Я ни в коей мере не признаю за нами права подозревать архиерея блокадного Ленинграда в трусости или цинизме. Патриарх говорил голосом общества, потому что считал, что так лучше для Церкви; в своей речи он выразил то, что чувствовало большинство, не исключая и многих верующих. Вопросов, которые в обществе не могли быть подняты, не мог в официальном документе поднять и он. Тем более трудно отделаться от мысли об эзоповом языке, читая подзаголовок пасхального послания в том же номере ЖМП за апрель 1953 г.: «Смерти празднуем умерщвление». Такая смесь двух языков – эзопова и эпического – и есть то, чему противостоит ясная, чистая церковная манера выражения соловецких узников.

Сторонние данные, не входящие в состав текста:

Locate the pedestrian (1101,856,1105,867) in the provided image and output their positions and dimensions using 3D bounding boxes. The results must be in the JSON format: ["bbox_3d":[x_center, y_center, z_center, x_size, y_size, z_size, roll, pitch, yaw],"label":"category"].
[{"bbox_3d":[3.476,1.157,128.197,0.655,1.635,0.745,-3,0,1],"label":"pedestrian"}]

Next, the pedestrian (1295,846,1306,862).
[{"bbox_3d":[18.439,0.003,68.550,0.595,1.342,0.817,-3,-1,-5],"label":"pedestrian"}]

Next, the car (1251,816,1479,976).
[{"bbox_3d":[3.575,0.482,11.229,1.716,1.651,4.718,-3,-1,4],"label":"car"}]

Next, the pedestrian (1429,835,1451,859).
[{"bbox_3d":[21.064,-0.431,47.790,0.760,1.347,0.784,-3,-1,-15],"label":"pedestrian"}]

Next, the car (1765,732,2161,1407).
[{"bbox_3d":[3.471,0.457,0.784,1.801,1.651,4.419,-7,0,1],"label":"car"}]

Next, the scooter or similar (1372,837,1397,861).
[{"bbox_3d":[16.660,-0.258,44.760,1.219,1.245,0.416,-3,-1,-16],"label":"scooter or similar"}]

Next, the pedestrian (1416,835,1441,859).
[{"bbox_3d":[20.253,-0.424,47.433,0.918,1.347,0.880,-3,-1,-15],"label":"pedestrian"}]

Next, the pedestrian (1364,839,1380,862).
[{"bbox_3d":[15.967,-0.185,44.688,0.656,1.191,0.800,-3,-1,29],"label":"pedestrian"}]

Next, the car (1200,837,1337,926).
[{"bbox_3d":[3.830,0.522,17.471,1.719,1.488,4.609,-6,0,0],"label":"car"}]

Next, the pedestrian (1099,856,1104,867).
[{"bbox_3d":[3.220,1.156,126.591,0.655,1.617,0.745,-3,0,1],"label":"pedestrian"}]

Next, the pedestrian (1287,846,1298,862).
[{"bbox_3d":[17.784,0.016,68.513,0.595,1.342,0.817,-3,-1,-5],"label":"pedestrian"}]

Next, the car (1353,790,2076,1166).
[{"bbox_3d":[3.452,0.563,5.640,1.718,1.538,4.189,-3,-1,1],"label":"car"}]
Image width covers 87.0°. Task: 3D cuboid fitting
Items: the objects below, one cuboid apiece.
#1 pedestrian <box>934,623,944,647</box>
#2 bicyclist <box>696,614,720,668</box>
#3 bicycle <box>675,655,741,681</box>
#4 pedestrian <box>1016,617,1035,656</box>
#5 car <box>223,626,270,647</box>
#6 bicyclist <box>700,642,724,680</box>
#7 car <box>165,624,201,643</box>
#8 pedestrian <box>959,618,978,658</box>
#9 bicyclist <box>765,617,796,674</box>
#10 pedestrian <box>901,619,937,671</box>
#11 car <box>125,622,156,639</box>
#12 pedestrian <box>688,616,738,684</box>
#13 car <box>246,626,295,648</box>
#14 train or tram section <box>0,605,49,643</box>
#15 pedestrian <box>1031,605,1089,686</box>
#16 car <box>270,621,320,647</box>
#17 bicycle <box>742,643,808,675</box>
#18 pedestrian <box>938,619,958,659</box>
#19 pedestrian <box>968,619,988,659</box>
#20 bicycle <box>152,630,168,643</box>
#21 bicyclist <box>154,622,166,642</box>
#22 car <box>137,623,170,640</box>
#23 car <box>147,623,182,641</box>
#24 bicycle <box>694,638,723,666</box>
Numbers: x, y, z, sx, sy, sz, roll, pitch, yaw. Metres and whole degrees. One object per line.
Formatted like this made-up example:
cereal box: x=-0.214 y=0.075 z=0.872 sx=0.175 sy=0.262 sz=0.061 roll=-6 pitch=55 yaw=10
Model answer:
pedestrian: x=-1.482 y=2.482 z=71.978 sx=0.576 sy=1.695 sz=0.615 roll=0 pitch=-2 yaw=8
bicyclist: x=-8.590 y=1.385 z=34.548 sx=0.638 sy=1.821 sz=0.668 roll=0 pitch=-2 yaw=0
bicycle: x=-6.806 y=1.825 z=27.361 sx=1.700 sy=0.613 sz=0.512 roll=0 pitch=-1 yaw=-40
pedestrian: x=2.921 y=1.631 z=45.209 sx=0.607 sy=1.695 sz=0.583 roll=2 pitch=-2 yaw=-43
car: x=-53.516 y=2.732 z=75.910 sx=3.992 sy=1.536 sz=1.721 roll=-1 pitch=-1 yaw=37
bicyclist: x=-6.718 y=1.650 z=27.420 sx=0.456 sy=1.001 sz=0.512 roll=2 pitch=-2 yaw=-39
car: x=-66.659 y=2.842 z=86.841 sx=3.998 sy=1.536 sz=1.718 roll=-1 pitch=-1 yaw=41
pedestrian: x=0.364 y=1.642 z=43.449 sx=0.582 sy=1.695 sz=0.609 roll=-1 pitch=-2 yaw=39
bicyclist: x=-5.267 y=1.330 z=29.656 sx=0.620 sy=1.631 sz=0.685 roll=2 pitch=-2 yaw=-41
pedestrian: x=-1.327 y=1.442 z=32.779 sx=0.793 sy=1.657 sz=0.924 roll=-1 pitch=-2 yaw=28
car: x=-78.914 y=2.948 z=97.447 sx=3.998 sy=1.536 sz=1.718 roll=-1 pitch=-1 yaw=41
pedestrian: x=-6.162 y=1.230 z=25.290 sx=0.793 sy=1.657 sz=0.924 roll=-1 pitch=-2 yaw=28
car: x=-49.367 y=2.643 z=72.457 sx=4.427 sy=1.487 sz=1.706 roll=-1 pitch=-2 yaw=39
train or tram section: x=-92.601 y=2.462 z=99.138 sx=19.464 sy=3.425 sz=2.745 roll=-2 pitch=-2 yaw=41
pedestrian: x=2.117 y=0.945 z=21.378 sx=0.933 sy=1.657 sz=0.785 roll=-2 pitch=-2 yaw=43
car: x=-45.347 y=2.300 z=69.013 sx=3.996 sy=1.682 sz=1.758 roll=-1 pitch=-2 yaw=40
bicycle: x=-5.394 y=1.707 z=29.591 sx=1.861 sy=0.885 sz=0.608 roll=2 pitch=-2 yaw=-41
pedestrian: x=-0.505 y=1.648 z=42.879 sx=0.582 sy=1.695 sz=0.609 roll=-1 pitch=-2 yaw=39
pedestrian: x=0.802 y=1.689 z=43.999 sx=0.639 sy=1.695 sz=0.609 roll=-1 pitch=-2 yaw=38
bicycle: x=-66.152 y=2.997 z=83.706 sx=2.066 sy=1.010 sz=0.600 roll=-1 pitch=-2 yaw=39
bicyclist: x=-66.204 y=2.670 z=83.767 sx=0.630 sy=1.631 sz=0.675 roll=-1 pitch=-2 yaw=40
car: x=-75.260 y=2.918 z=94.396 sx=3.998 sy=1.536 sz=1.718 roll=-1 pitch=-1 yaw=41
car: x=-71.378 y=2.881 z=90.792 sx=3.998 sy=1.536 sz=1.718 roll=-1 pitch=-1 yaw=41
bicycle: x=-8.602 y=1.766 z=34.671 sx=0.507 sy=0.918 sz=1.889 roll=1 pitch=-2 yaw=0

Ни в коем случае нельзя сказать, что именно такая манера отличает большинство документов по политическим вопросам, выходивших в белой эмиграции. Духовенство рассеяния часто так же, как и московское, говорило на языке своей паствы, мыслившей в категориях гражданской войны. Правда, весь пафос был направлен против большевизма как антирелигиозного, а не социального движения. Экономическая альтернатива ему, кроме абстрактного права частной собственности, оставалась неясной. Пражский манифест КОНР, получившего в 1944 г. поддержку части эмигрантского духовенства, вообще рисует будущее России как национал-социалистическое, что, конечно, полностью расходится с планами германской оккупации СССР. Тем не менее, свои основания для радикального антибольшевизма у эмигрантов имелись, и они, вопреки вульгарным интерпретациям, вовсе не лежали в области классовой борьбы. Победа марксизма, соответственно его многочисленным собственным декларациям, понималась как разрыв с исторической Россией, поэтому его противники могли с полным правом осознавать себя борцами за историческую Россию. Они только не могли или не хотели видеть, что в действительности после прихода к власти большевиков Россия продолжила свое историческое существование, и прежде всего потому, что красная утопия не была навязана большинству русских людей маленькой группой сектантов, а стала на какое-то время живым верованием этого самого большинства.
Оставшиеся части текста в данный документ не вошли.